The basic contention of the telephone company in this controversy appears to be that the rates which were set by the Commission in 1952 and which would go into effect if Order No. 2618 is valid, are confiscatory because insufficient to allow the company to meet its interest and dividend commitments, etc., and this theory is reflected in the orders appealed from, but we do not think that the withholding by a regulatory body of permission temporarily to increase rates pending the administrative process contemplated by law (i. e., public notice and hearing, etc.) can properly or legally be considered a confiscation of the company’s property in violation of its constitutional rights.

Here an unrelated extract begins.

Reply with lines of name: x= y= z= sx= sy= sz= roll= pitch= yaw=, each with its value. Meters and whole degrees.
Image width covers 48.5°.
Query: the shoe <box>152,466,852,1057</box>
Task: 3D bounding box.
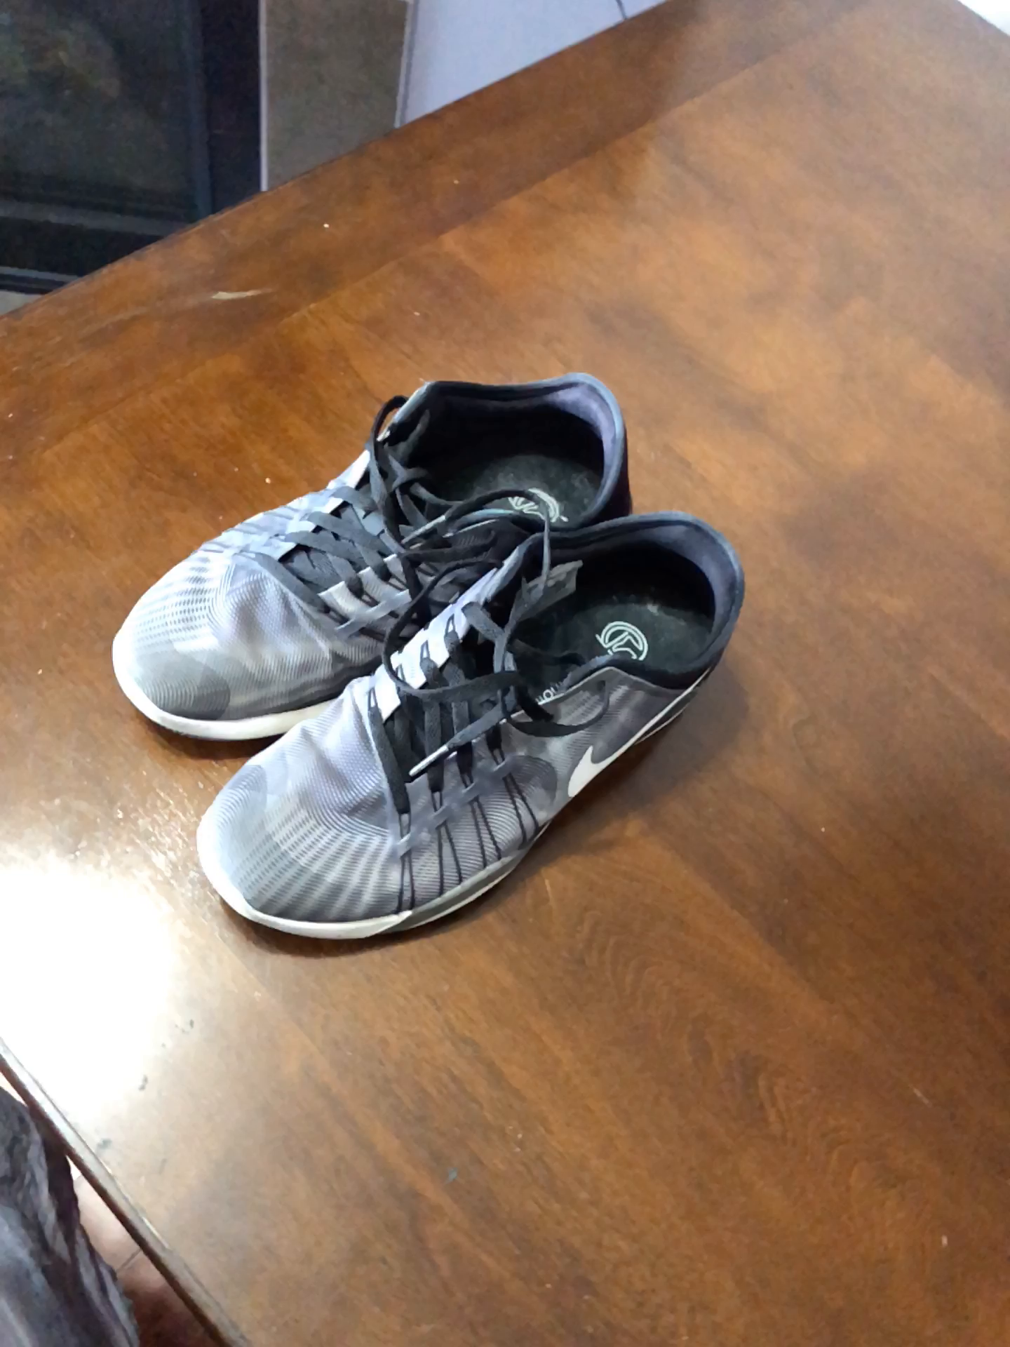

It is our judgment, therefore, that Order No. 2618 is valid and enforceable and that the two orders of the Circuit Court appealed from should be and are reversed, with directions to the Circuit Court to dissolve the injunction, so that this controversy may be returned to the jurisdiction of the Commission for determination of the company’s application upon final hearing in which the evidence of all interested parties may be received.

THOMAS, ELWYN, Associate Judge, concurs.





Concurrence Opinion

STURGIS, Chief Judge

(specially concurring) .

I fully concur in the reasoning and conclusion expressed by the able opinion of Carroll, J., which makes it unnecessary to pass on the question, raised by appellants’ motion to dismiss the complaint, of its sufficiency to state a cause in equity, as to which I have grave doubt.

The single proposition upon which the ap-pellee based its right to relief is that the act of the Commission, in vacating its Order No. 2610, operated to deprive appellee of its property rights without due process of law. Unless and until a rate increase is finally allowed in accordance with law, no right exists to have such increase, and it follows that until that time, at least, there can be no deprivation of property rights. One cannot lose that which he has never enjoyed.

The provisions of Section 364.05, F.S., F.S.A., simply vest in the Commission, upon good cause shown, discretion to enter an order allowing an increase in rates pending determination of the ultimate question of whether a permanent increase in rates shall be granted, and under such terms and conditions for protection of the public interest as it may deem advisable. The action of the Commission in revoking Order No. 2610, which is not predicated upon this critical question of ultimate fact, cannot prejudice a body that is clothed with the extraordinary privileges accorded public utilities, including that of having assured to it a reasonable income on investment.

This is not a case where there has been a showing of unreasonable delay on the part of the Commission or of a final conclusion by the Commission that has the *895effect of depriving the public utility of its property rights without due process of law, which circumstances have been recognized as affording proper grounds for relief in equity; and it is my purpose simply to make it-clear that our decision is not to be construed as an acknowledgment that the complaint in this cause met the assault of the motion to dismiss.